A girl on the beach along Store Bay in Tobago
A girl strolls along Store Bay in Tobago. A few miles offshore, at the island’s largest coral reef, Buccoo Reef, visitors may spot sea turtles, reef sharks, hammerhead sharks, groupers, eagle rays, and manta rays.
Photograph by Michael Melford, Nat Geo Image Collection
A leatherback turtle hatchling crawls to the sea on Matura Beach, Trinidad
Once hatchlings like this leatherback in Matura, Trinidad, reach the water, they start a “swimming frenzy” to get away from shore, where predation is high.
Photograph by Brian Skerry, Nat Geo Image Collection

One of the easiest ways people can help is through an app called TURT, a project of SOS Tobago and SpeSeas, where users can report sea turtle sightings on land or at sea. Michelle Cazabon-Mannette, one of SpeSeas’ directors (along with National Geographic Explorer Diva Amon, of Trinidad), says divers are one of the key groups they are targeting with the app, to help with offshore monitoring.

(How artificial intelligence is helping fight against illegal wildlife trade.)

But most of the islands’ data is collected during nesting and entered into organizational and national databases. Much of it is funded by turtle-watching tours, which are an accessible way to experience the turtles up close.

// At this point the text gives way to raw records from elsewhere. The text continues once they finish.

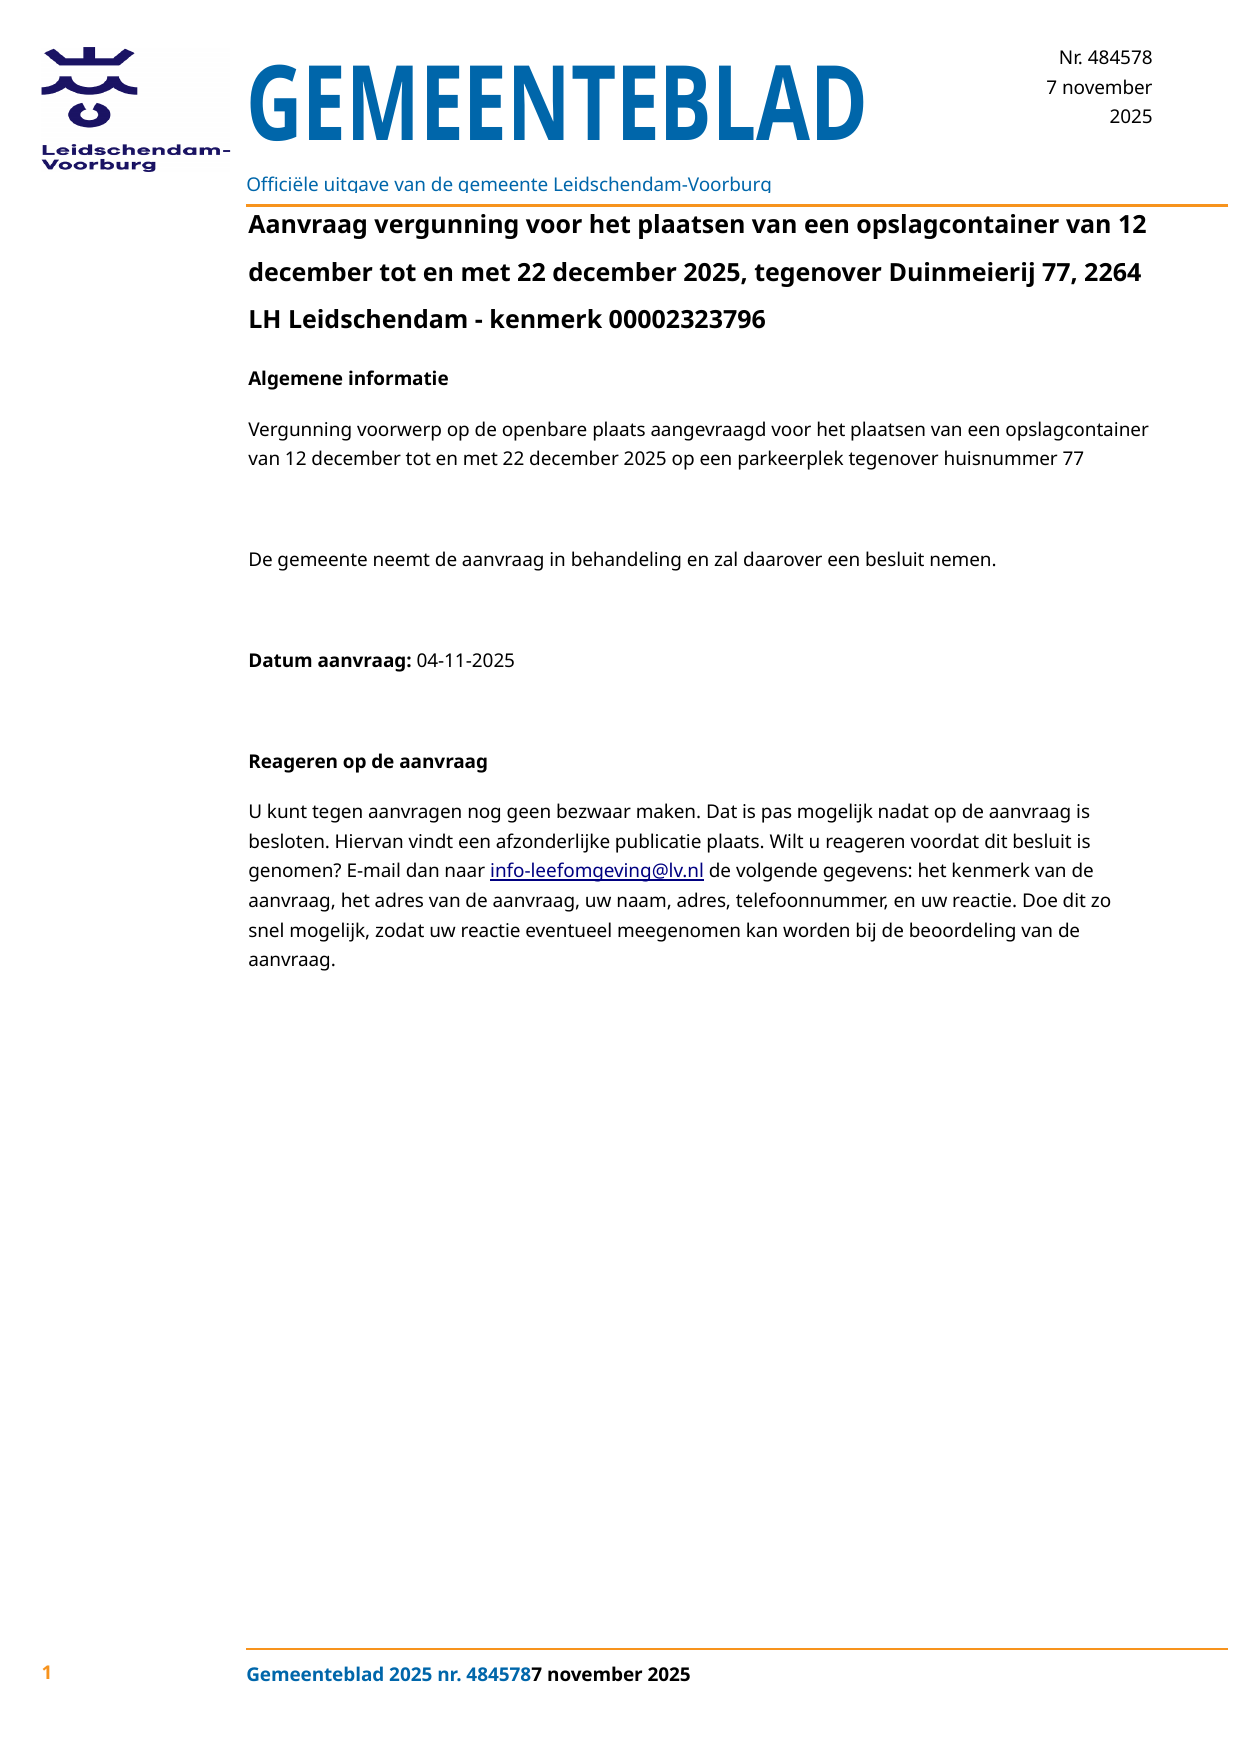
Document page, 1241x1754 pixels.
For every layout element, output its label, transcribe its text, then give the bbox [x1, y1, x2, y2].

text Vergunning voorwerp op de openbare plaats aangevraagd voor het plaatsen van een opslagcontainer van 12 december tot en met 22 december 2025 op een parkeerplek tegenover huisnummer 77 [248, 416, 1152, 471]
text U kunt tegen aanvragen nog geen bezwaar maken. Dat is pas mogelijk nadat op de aanvraag is besloten. Hiervan vindt een afzonderlijke publicatie plaats. Wilt u reageren voordat dit besluit is genomen? E-mail dan naar info-leefomgeving@lv.nl de volgende gegevens: het kenmerk van de aanvraag, het adres van de aanvraag, uw naam, adres, telefoonnummer, en uw reactie. Doe dit zo snel mogelijk, zodat uw reactie eventueel meegenomen kan worden bij de beoordeling van de aanvraag. [248, 798, 1152, 972]
text De gemeente neemt de aanvraag in behandeling en zal daarover een besluit nemen. [248, 546, 1152, 572]
text Reageren op de aanvraag [248, 748, 1152, 774]
text Datum aanvraag: 04-11-2025 [248, 647, 1152, 673]
picture [41, 47, 231, 172]
text Aanvraag vergunning voor het plaatsen van een opslagcontainer van 12 december tot en met 22 december 2025, tegenover Duinmeierij 77, 2264 LH Leidschendam - kenmerk 00002323796 [248, 207, 1152, 336]
text Algemene informatie [248, 366, 1152, 391]

Local and international volunteers, meanwhile, are the backbone of the monitoring work. Nature Seekers welcomes the greatest number of volunteers from overseas. While they and other organizations welcome operational support for things such as data entry and marketing, the greatest need is in the field, which can be grueling.

“You’re going out there at night, you’re walking long distances, you’re exposed to the elements, to mosquitoes and sand flies and rain,” says Lalsingh. “It’s really difficult, physically taxing work.”

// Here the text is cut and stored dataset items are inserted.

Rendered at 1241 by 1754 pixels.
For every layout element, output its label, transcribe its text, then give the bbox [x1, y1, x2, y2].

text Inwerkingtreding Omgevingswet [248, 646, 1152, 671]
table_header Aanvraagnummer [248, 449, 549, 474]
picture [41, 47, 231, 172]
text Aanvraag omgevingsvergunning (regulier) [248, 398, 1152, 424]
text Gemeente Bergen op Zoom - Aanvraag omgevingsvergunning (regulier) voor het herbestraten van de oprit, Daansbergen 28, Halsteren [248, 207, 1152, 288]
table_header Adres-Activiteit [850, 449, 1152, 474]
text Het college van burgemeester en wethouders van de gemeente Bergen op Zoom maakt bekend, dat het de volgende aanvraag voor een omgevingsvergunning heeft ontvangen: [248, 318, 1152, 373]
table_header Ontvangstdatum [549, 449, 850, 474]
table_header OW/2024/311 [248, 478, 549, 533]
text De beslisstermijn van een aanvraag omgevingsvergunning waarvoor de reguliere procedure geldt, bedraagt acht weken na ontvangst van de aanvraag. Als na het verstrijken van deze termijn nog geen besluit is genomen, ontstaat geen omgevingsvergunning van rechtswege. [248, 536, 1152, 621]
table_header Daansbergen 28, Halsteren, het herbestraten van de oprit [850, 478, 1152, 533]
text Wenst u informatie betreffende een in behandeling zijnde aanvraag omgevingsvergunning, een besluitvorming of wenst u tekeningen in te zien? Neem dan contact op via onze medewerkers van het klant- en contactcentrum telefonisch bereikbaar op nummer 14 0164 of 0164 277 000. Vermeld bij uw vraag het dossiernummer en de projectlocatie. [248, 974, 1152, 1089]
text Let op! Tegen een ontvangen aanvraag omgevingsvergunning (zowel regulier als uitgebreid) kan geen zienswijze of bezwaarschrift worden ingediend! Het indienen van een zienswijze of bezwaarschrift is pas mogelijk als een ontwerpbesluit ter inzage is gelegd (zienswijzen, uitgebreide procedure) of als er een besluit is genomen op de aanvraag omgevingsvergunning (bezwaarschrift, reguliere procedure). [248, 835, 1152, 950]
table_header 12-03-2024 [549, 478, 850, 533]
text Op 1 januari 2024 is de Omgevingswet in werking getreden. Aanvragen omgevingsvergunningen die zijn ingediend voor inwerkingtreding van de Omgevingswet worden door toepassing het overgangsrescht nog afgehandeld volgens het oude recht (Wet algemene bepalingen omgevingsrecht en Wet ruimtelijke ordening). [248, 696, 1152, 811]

Assignments may vary based on experience, levels of commitment, and physical fitness. But after training, field volunteers will almost invariably begin making sure nesting mothers can access the beach and nest successfully, gathering data about the ones that do, and looking out for injured or sick turtles.

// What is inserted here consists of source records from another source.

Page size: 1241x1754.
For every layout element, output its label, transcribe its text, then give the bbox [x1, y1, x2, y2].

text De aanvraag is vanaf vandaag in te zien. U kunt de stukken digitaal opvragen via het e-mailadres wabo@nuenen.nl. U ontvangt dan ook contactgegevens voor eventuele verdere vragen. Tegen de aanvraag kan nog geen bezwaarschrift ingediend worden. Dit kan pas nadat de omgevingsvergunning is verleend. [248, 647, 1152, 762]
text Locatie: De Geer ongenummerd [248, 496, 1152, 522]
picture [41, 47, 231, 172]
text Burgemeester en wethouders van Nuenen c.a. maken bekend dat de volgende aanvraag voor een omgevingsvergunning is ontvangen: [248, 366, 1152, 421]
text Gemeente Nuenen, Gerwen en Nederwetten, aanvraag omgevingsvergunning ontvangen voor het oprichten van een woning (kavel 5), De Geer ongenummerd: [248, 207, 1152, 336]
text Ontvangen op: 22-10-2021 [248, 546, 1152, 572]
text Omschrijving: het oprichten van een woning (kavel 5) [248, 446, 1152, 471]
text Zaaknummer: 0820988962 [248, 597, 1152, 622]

Some turtles arrive injured or impeded in some way—with ropes or fishing gear wrapped around them, flippers damaged or missing, or with other war wounds from their lives at sea (one had been impaled by a spear from a billfish). Volunteers then need to work quickly to render some emergency first aid, whether it’s disentangling, cleaning wounds, or helping dig nests.

Volunteers wait for the mother to enter the critical “trance” state, when she is consumed by the laying process and becomes minimally aware and reactive to activity around her. Then, volunteers get to work measuring, scanning tags on returning turtles (sometimes replacing or upgrading them), or applying tags on new ones. Making contact at any other time could compromise the entire nesting process.

Nests continue to be monitored all season, and volunteers work to ensure as many babies make it safely to the sea as possible. When there are hatchlings who can’t quite dig out of the nest on their own, volunteers will do a nest excavation, give the hatchlings some extra care, and then release them into the sea. And as some turtles choose inhospitable spots for nests—beach erosion is a major threat—volunteers may carefully relocate the nest, sometimes to an artificial hatchery.

“After 32 years, I’m still in awe of this gentle, magnificent creature,” says Suzan Lakhan-Baptiste, Managing Director of Nature Seekers. “I would want the world to experience it—to engage those who want to really make a difference.”